SwiftShader is faster than it 'should be' when you add up all of the computing power it would take to emulate all of the GPU's fixed-function hardware at peak throughput. It currently merely uses 128-bit SIMD, destructive instructions, no FMA, fetching texels takes 3 uops each before filtering, it doesn't have lookup tables to compute transcendental functions, it has to compute gradients and pixel coverage for each polygon, explicitly read / test / write depth values, interpolate inputs, blend and convert output colors, schedule tasks, process API calls, etc. And yet despite that seemingly massive amount of work it achieves 20 FPS for Crysis on a 100 GFLOP CPU which also has to run the game itself and some processes in the background.

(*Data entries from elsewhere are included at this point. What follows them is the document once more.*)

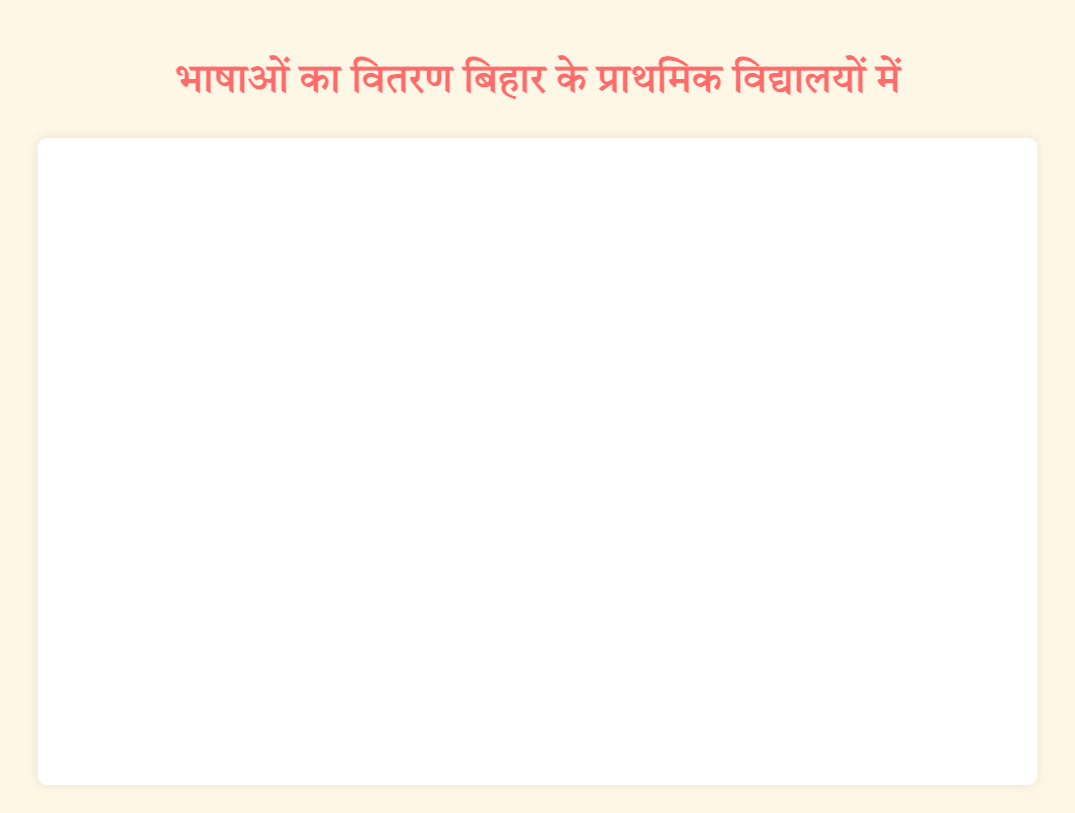What is the title of the figure? The title is usually at the top of the figure and provides an overview of what the chart represents. In this case, it says "भाषाओं का वितरण बिहार के प्राथमिक विद्यालयों में" which translates to "Distribution of Languages in Bihar Primary Schools".
Answer: Distribution of Languages in Bihar Primary Schools Which language has the largest bubble? The size of the bubble represents the number of students. The largest bubble corresponds to the language with the highest number of students, which is "Hindi" with bubbles at 1200 and 1100 students.
Answer: Hindi How many primary schools are represented for the Maithili language? By examining the bubbles, you can see there are two schools: "Bhagalpur Primary School" and "Madhubani Primary School" listed under Maithili.
Answer: 2 What is the total number of students in primary schools who speak Angika? To find the total, add the number of students from “Darbhanga Primary School” and “Begusarai Primary School": 300 + 350.
Answer: 650 Which two schools have the closest number of students speaking different languages? By comparing the number of students, "Muzzafarpur Primary School" with 450 students (Urdu) and "Begusarai Primary School" with 350 students (Angika) have the closest numbers, differing by 100.
Answer: Muzzafarpur Primary School and Begusarai Primary School Among the schools that have Bhojpuri-speaking students, which one has fewer students? By checking the bubbles for Bhojpuri, "Chapra Primary School" has 850 students and "Gaya Primary School" has 900 students.
Answer: Chapra Primary School How many students in total are represented in the figure? Add the number of students for all schools: 1200 (Patna) + 900 (Gaya) + 600 (Bhagalpur) + 450 (Muzzafarpur) + 300 (Darbhanga) + 1100 (Nalanda) + 850 (Chapra) + 700 (Madhubani) + 300 (Arrah) + 350 (Begusarai) = 6750
Answer: 6750 Which language has the smallest bubble and how many students does it represent? The smallest bubbles are those representing Angika, with 300 students at "Darbhanga Primary School" and 350 students at "Begusarai Primary School".
Answer: Angika, 300 and 350 students 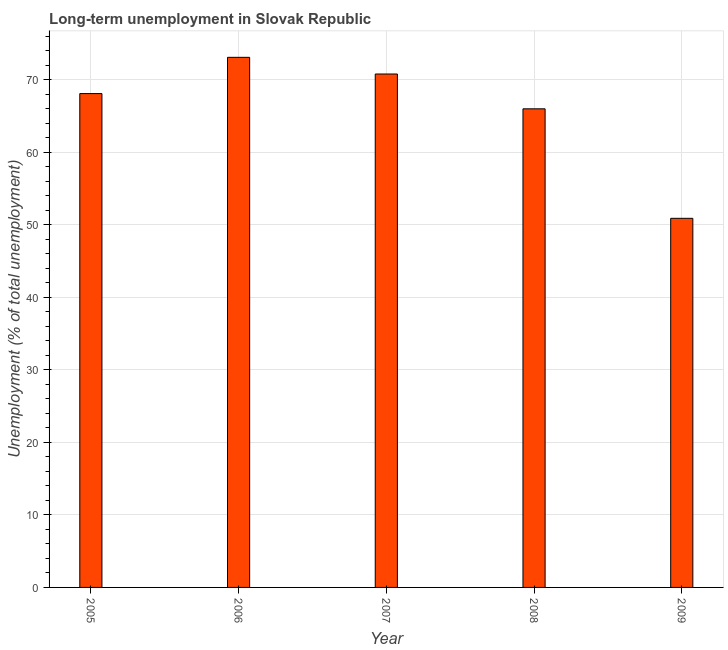Does the graph contain any zero values?
Keep it short and to the point. No. What is the title of the graph?
Offer a very short reply. Long-term unemployment in Slovak Republic. What is the label or title of the X-axis?
Offer a terse response. Year. What is the label or title of the Y-axis?
Your answer should be compact. Unemployment (% of total unemployment). What is the long-term unemployment in 2006?
Make the answer very short. 73.1. Across all years, what is the maximum long-term unemployment?
Your response must be concise. 73.1. Across all years, what is the minimum long-term unemployment?
Your response must be concise. 50.9. What is the sum of the long-term unemployment?
Ensure brevity in your answer.  328.9. What is the difference between the long-term unemployment in 2005 and 2006?
Offer a very short reply. -5. What is the average long-term unemployment per year?
Offer a terse response. 65.78. What is the median long-term unemployment?
Offer a very short reply. 68.1. What is the ratio of the long-term unemployment in 2005 to that in 2008?
Provide a short and direct response. 1.03. Is the long-term unemployment in 2005 less than that in 2008?
Provide a succinct answer. No. What is the difference between the highest and the second highest long-term unemployment?
Keep it short and to the point. 2.3. Are all the bars in the graph horizontal?
Ensure brevity in your answer.  No. How many years are there in the graph?
Your answer should be very brief. 5. Are the values on the major ticks of Y-axis written in scientific E-notation?
Your response must be concise. No. What is the Unemployment (% of total unemployment) in 2005?
Your response must be concise. 68.1. What is the Unemployment (% of total unemployment) in 2006?
Make the answer very short. 73.1. What is the Unemployment (% of total unemployment) of 2007?
Ensure brevity in your answer.  70.8. What is the Unemployment (% of total unemployment) of 2008?
Your answer should be compact. 66. What is the Unemployment (% of total unemployment) in 2009?
Provide a short and direct response. 50.9. What is the difference between the Unemployment (% of total unemployment) in 2005 and 2006?
Keep it short and to the point. -5. What is the difference between the Unemployment (% of total unemployment) in 2005 and 2008?
Ensure brevity in your answer.  2.1. What is the difference between the Unemployment (% of total unemployment) in 2005 and 2009?
Your answer should be very brief. 17.2. What is the difference between the Unemployment (% of total unemployment) in 2006 and 2007?
Give a very brief answer. 2.3. What is the difference between the Unemployment (% of total unemployment) in 2006 and 2008?
Offer a very short reply. 7.1. What is the difference between the Unemployment (% of total unemployment) in 2008 and 2009?
Offer a terse response. 15.1. What is the ratio of the Unemployment (% of total unemployment) in 2005 to that in 2006?
Keep it short and to the point. 0.93. What is the ratio of the Unemployment (% of total unemployment) in 2005 to that in 2008?
Your answer should be compact. 1.03. What is the ratio of the Unemployment (% of total unemployment) in 2005 to that in 2009?
Make the answer very short. 1.34. What is the ratio of the Unemployment (% of total unemployment) in 2006 to that in 2007?
Provide a short and direct response. 1.03. What is the ratio of the Unemployment (% of total unemployment) in 2006 to that in 2008?
Keep it short and to the point. 1.11. What is the ratio of the Unemployment (% of total unemployment) in 2006 to that in 2009?
Provide a succinct answer. 1.44. What is the ratio of the Unemployment (% of total unemployment) in 2007 to that in 2008?
Provide a short and direct response. 1.07. What is the ratio of the Unemployment (% of total unemployment) in 2007 to that in 2009?
Provide a short and direct response. 1.39. What is the ratio of the Unemployment (% of total unemployment) in 2008 to that in 2009?
Make the answer very short. 1.3.

So don't underestimate what a software renderer could do with four times the GFLOPS per core, and gather.
Sorry, it's just not going to happen
Never say never, especially when you're just handwaving. Exactly what unique advantage would an APU have left over a homogeneous CPU with AVX2 and AVX-1024? Peak performance/area and performance/Watt would be highly competitive. And I've already debunked the importance of fixed-function components. Add to this the effect of out-of-order execution on cache effectiveness and I can't see what substantial advantage heterogeneous architectures could possibly have.